Qualche anno fa il compianto 𝐏𝐢𝐞𝐭𝐫𝐨 𝐂𝐢𝐥𝐞𝐧𝐭𝐢, Priore della 𝐂𝐨𝐧𝐠𝐫𝐞𝐠𝐚𝐳𝐢𝐨𝐧𝐞 𝐝𝐞𝐥𝐥𝐚 𝐌𝐨𝐫𝐭𝐞, tentò con forza e semplicità di ripristinare l’antico rito: la 𝐩𝐫𝐨𝐜𝐞𝐬𝐬𝐢𝐨𝐧𝐞 𝐝𝐞𝐥𝐥𝐚 𝐌𝐚𝐝𝐨𝐧𝐧𝐚 𝐝𝐞𝐥 𝐒𝐮𝐟𝐟𝐫𝐚𝐠𝐢𝐨 fino al cimitero e il ritorno in paese, tra silenzi, luci tremolanti e passi lenti.
𝐔𝐧 𝐠𝐞𝐬𝐭𝐨 𝐜𝐡𝐞 𝐝𝐢𝐜𝐞 𝐚𝐧𝐜𝐨𝐫𝐚 𝐨𝐠𝐠𝐢 𝐜𝐡𝐢 𝐬𝐢𝐚𝐦𝐨: 𝐮𝐧 𝐩𝐨𝐩𝐨𝐥𝐨 𝐜𝐡𝐞 𝐧𝐨𝐧 𝐚𝐛𝐛𝐚𝐧𝐝𝐨𝐧𝐚 𝐢 𝐬𝐮𝐨𝐢 𝐝𝐞𝐟𝐮𝐧𝐭𝐢. 𝐔𝐧𝐚 𝐌𝐚𝐝𝐫𝐞, 𝐝𝐮𝐞 𝐬𝐭𝐚𝐭𝐮𝐞. 𝐄 𝐮𝐧𝐚 𝐬𝐜𝐞𝐥𝐭𝐚 𝐜𝐡𝐞 𝐜𝐚𝐦𝐛𝐢𝐨̀ 𝐥𝐚 𝐧𝐨𝐬𝐭𝐫𝐚 𝐬𝐭𝐨𝐫𝐢𝐚.

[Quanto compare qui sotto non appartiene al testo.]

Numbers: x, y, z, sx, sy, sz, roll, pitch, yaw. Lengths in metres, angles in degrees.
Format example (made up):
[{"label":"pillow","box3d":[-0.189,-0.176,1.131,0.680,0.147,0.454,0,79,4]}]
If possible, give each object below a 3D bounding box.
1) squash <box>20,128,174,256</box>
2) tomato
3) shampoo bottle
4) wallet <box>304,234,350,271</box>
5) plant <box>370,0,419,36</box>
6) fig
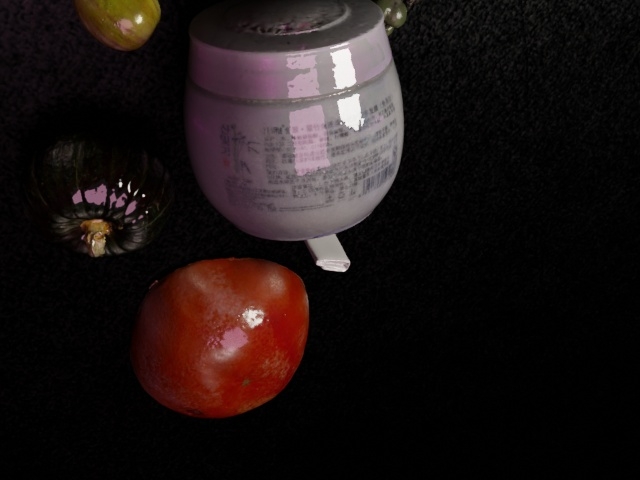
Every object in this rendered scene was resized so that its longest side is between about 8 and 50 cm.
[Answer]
[{"label":"squash","box3d":[-0.291,-0.060,1.054,0.193,0.156,0.193,3,125,4]},{"label":"tomato","box3d":[-0.151,0.188,1.345,0.338,0.144,0.338,-13,136,-13]},{"label":"shampoo bottle","box3d":[-0.033,-0.161,0.993,0.273,0.273,0.266,-12,122,-14]},{"label":"wallet","box3d":[0.000,0.000,1.254,0.061,0.122,0.025,9,125,-31]},{"label":"plant","box3d":[0.109,-0.330,1.046,0.085,0.087,0.174,41,103,-12]},{"label":"fig","box3d":[-0.264,-0.288,0.930,0.166,0.093,0.093,35,113,-11]}]
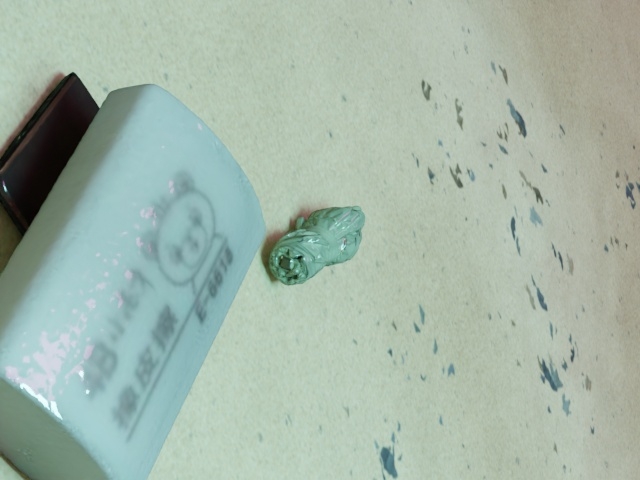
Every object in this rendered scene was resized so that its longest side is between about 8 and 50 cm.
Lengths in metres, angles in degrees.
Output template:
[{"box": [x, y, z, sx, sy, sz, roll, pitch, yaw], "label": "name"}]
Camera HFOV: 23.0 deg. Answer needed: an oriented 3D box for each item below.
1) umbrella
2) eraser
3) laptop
[{"box": [0.000, 0.000, 1.480, 0.062, 0.067, 0.143, 48, 37, 7], "label": "umbrella"}, {"box": [-0.146, 0.040, 1.135, 0.174, 0.095, 0.270, 55, 46, -36], "label": "eraser"}, {"box": [-0.171, -0.009, 1.221, 0.207, 0.026, 0.154, 59, 36, -28], "label": "laptop"}]
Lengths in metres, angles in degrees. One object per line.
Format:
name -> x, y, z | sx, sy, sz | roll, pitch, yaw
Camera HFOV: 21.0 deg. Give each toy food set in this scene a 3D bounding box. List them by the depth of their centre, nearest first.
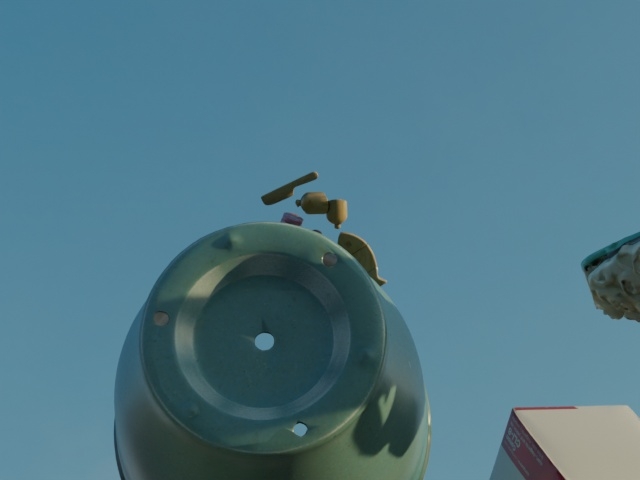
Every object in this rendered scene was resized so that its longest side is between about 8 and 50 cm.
toy food set -> 0.000, 0.000, 1.539 | 0.078, 0.019, 0.122 | -25, -77, 14

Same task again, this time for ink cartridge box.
ink cartridge box -> 0.226, 0.253, 1.534 | 0.128, 0.127, 0.176 | 1, -61, -25

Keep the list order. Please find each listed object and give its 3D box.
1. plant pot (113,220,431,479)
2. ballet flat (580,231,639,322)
plant pot -> -0.043, 0.115, 1.360 | 0.272, 0.271, 0.255 | -5, -21, -1
ballet flat -> 0.380, -0.001, 1.292 | 0.409, 0.147, 0.147 | -28, -35, 31
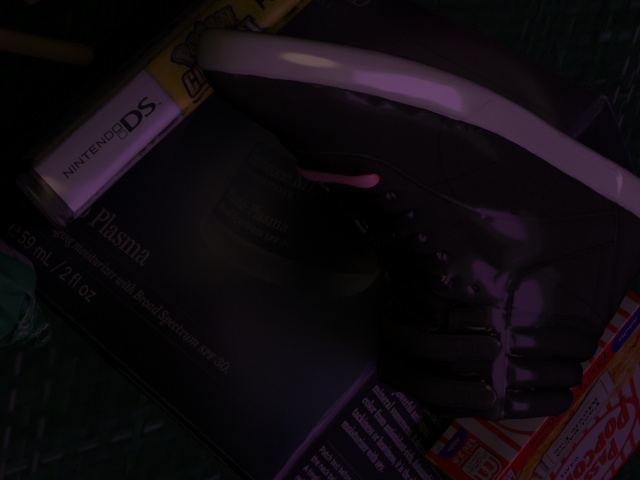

In origine, nella 𝐂𝐡𝐢𝐞𝐬𝐚 𝐝𝐞𝐥 𝐏𝐮𝐫𝐠𝐚𝐭𝐨𝐫𝐢𝐨, c’era una sola immagine: la 𝐩𝐫𝐢𝐦𝐚 𝐌𝐚𝐝𝐨𝐧𝐧𝐚 𝐝𝐞𝐥 𝐒𝐮𝐟𝐟𝐫𝐚𝐠𝐢𝐨, che oggi riconosciamo come 𝐌𝐚𝐝𝐨𝐧𝐧𝐚 𝐝𝐞𝐥 𝐂𝐚𝐫𝐦𝐢𝐧𝐞.
Era Lei: volto intenso, lineamenti antichi, manto finissimo dipinto a mano, anime del Purgatorio che le si stringevano ai piedi.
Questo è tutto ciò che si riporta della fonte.